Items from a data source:

—————

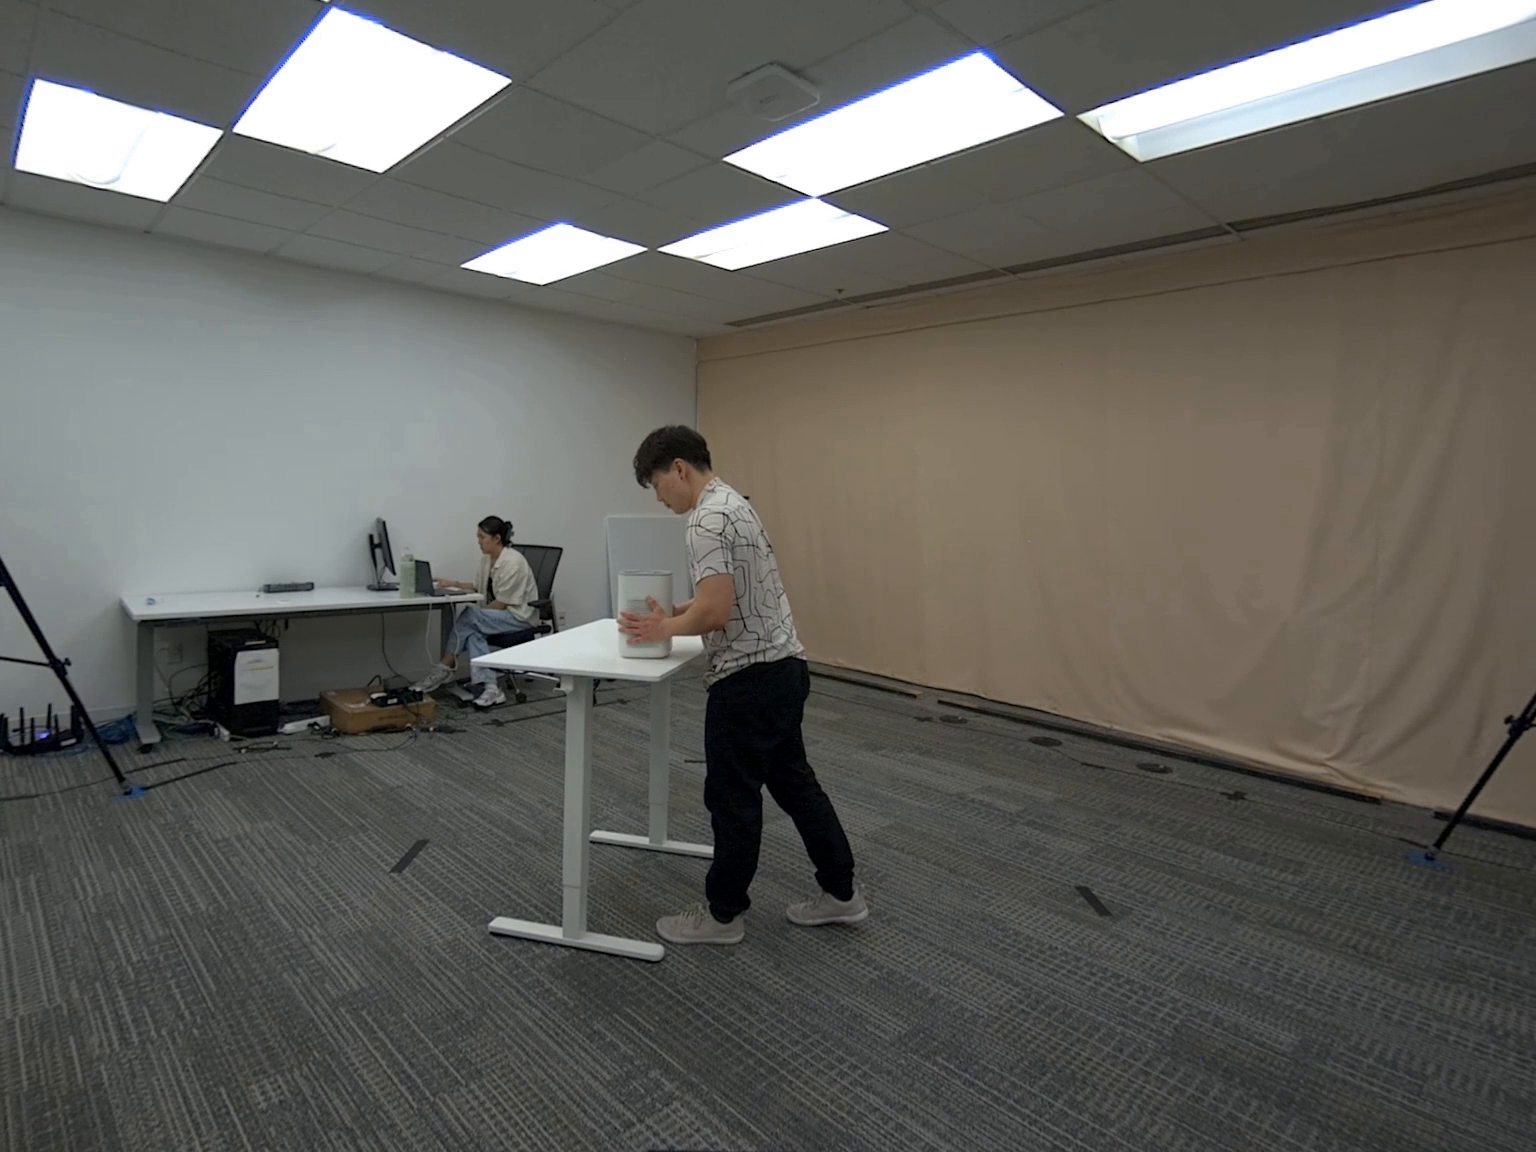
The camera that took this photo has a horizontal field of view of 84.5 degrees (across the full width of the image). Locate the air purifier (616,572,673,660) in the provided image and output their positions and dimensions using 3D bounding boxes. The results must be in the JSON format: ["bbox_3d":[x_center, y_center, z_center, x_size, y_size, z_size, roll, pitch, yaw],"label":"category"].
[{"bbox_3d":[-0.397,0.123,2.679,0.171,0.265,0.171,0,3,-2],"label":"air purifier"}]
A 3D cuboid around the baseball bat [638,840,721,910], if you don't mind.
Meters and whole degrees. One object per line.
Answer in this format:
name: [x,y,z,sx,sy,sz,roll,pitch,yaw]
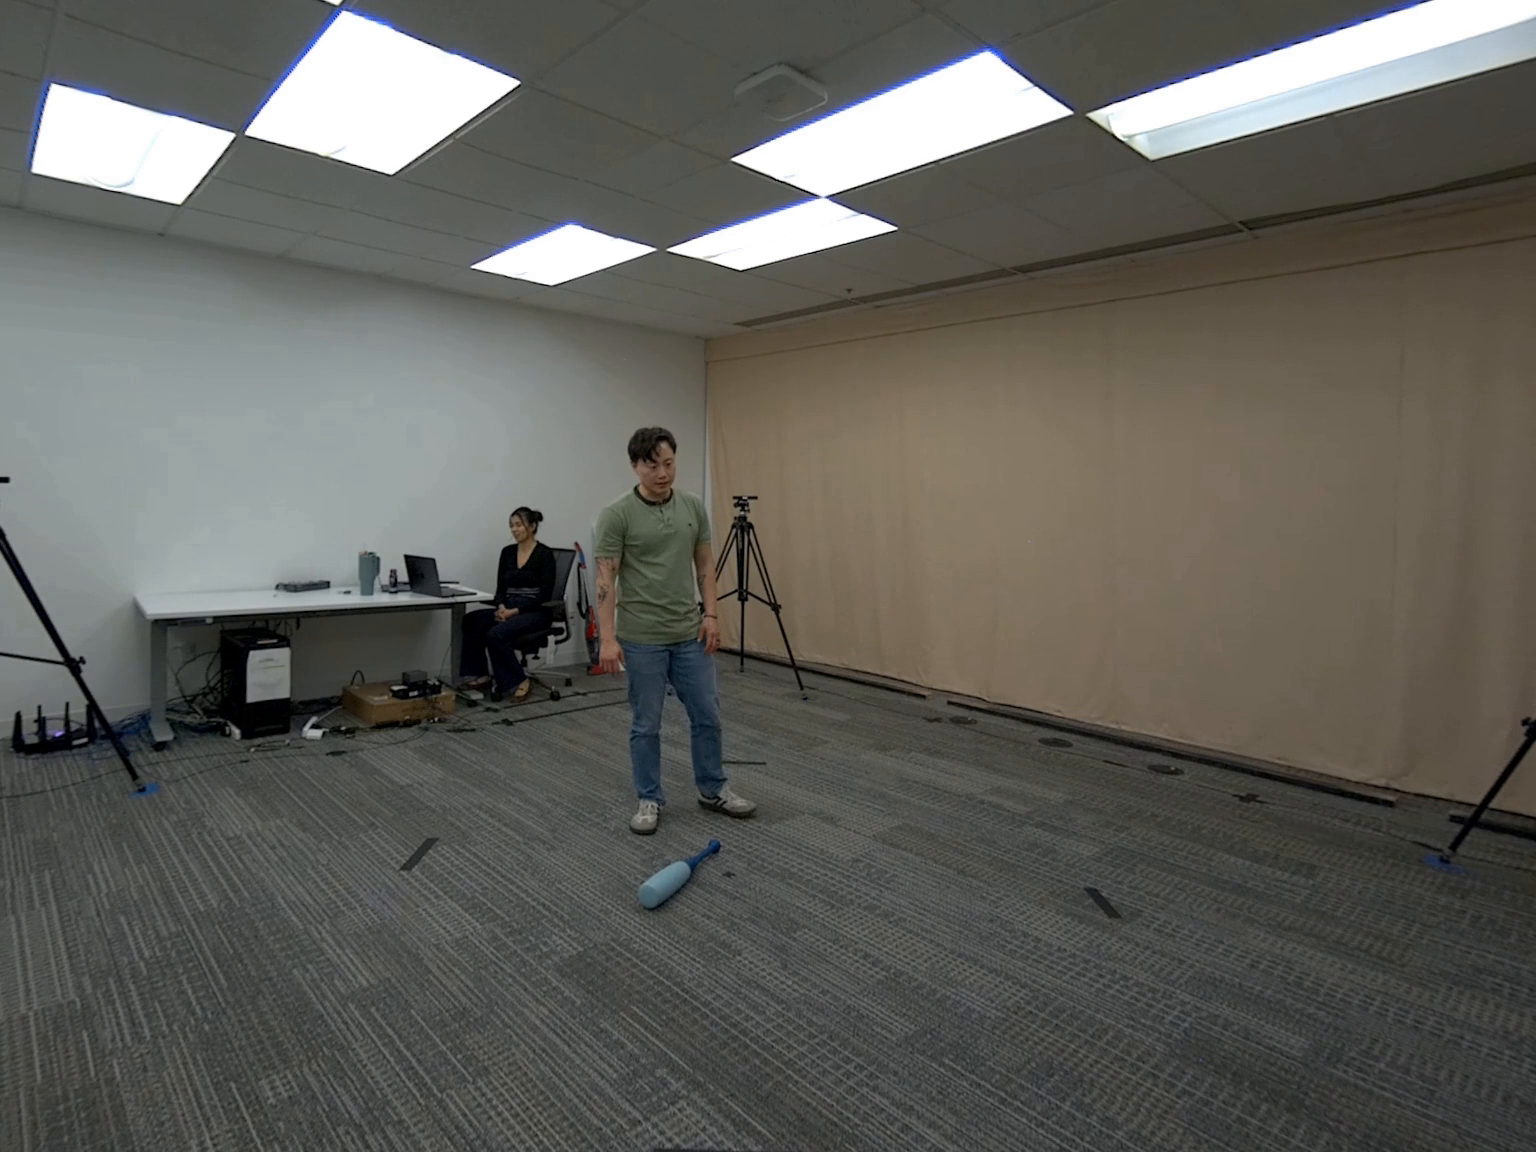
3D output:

—————

Work item: Apart from the pictures, every line above must be printed exactly.

Response box:
The camera that took this photo has a horizontal field of view of 84.5 degrees (across the full width of the image). Locate the air purifier (616,572,673,660) in the provided image and output their positions and dimensions using 3D bounding boxes. The results must be in the JSON format: ["bbox_3d":[x_center, y_center, z_center, x_size, y_size, z_size, roll, pitch, yaw],"label":"category"].
[{"bbox_3d":[-0.397,0.123,2.679,0.171,0.265,0.171,0,3,-2],"label":"air purifier"}]
A 3D cuboid around the baseball bat [638,840,721,910], if you don't mind.
Meters and whole degrees. One object per line.
Answer in this format:
name: [x,y,z,sx,sy,sz,roll,pitch,yaw]
3D output:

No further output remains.